Oil Surges 5% as Trump Declares Iran Ceasefire ‘Over’

Global markets experienced significant turbulence on Wednesday after President Donald Trump declared that the temporary ceasefire agreement with Iran was effectively finished. The announcement sent shockwaves through trading floors worldwide, with oil prices climbing more than 5% while major stock indices fell sharply before recovering some losses.

Brent crude oil jumped 5.2% to reach $78.02 per barrel and briefly surpassed the $80 mark. While this remains below the nearly $120 peak seen earlier in the conflict, the sudden increase alarmed investors who had been relieved to see oil prices return to pre-war levels. The primary concern centers on potential disruptions to the Strait of Hormuz, a critical shipping route for crude oil deliveries from the Persian Gulf to global markets.

On Wall Street, the S&P 500 initially dropped as much as 1.1% but managed to trim its losses to just 0.3% after Trump clarified that recent military activity did not signal a return to full-scale warfare.

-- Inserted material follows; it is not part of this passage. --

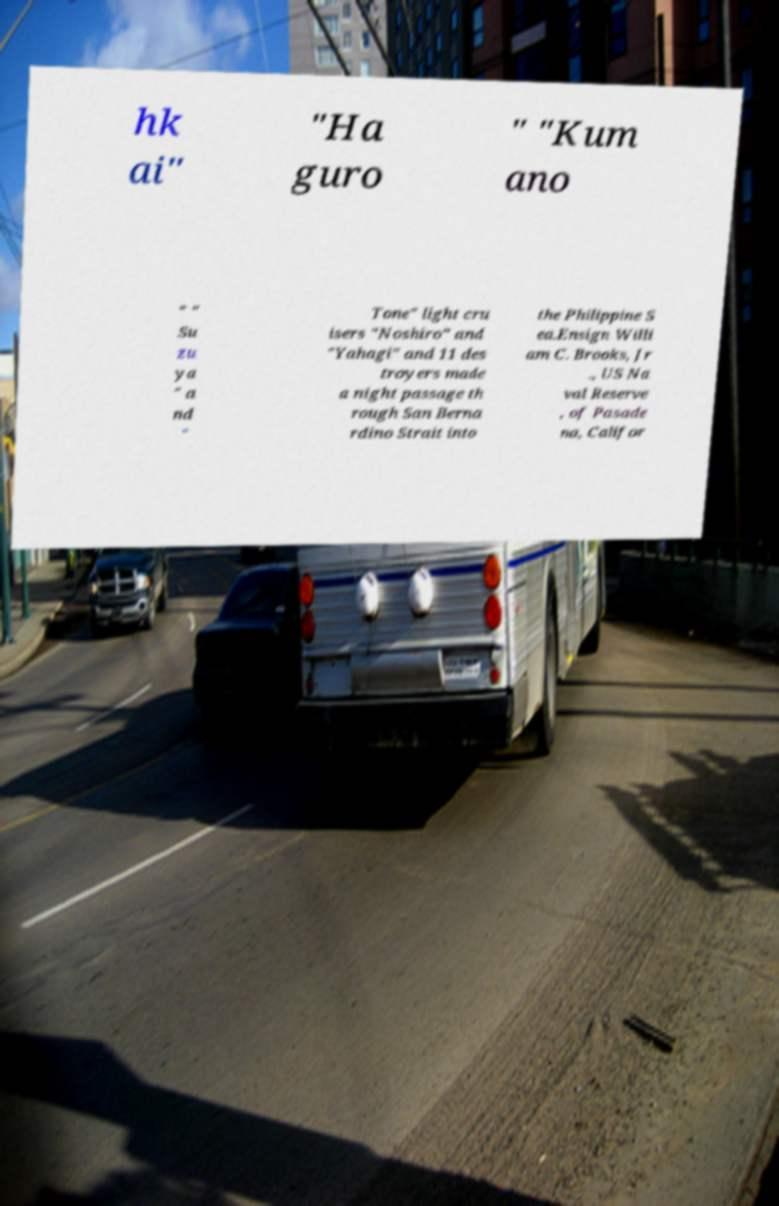Can you accurately transcribe the text from the provided image for me? hk ai" "Ha guro " "Kum ano " " Su zu ya " a nd " Tone" light cru isers "Noshiro" and "Yahagi" and 11 des troyers made a night passage th rough San Berna rdino Strait into the Philippine S ea.Ensign Willi am C. Brooks, Jr ., US Na val Reserve , of Pasade na, Califor

The Dow Jones Industrial Average fell 576 points, losing 1.1% to close at 52,348.39. In contrast, the tech-heavy Nasdaq composite managed to finish in positive territory, rising 0.2% thanks to gains in artificial intelligence stocks like Nvidia and Broadcom.

The housing sector took a particularly hard hit as rising Treasury yields signaled higher mortgage rates ahead. Companies like Builders FirstSource, PulteGroup, and D.R. Horton all dropped between 4.6% and 5.4%. Airlines and cruise operators also suffered, with American Airlines losing 4% and Carnival falling 3.9% due to concerns about fuel costs.

European markets reacted even more dramatically to the news, with Germany’s DAX and France’s CAC 40 both plunging 2.2%. In Asia, South Korea’s Kospi tumbled 5.3%, while Hong Kong’s Hang Seng bucked the trend with a 3% gain driven by Chinese AI stocks. Economists warn that prolonged conflict could reignite inflation pressures, potentially forcing the Federal Reserve to maintain or even raise interest rates, which would further impact consumers and businesses across Miami and the entire nation.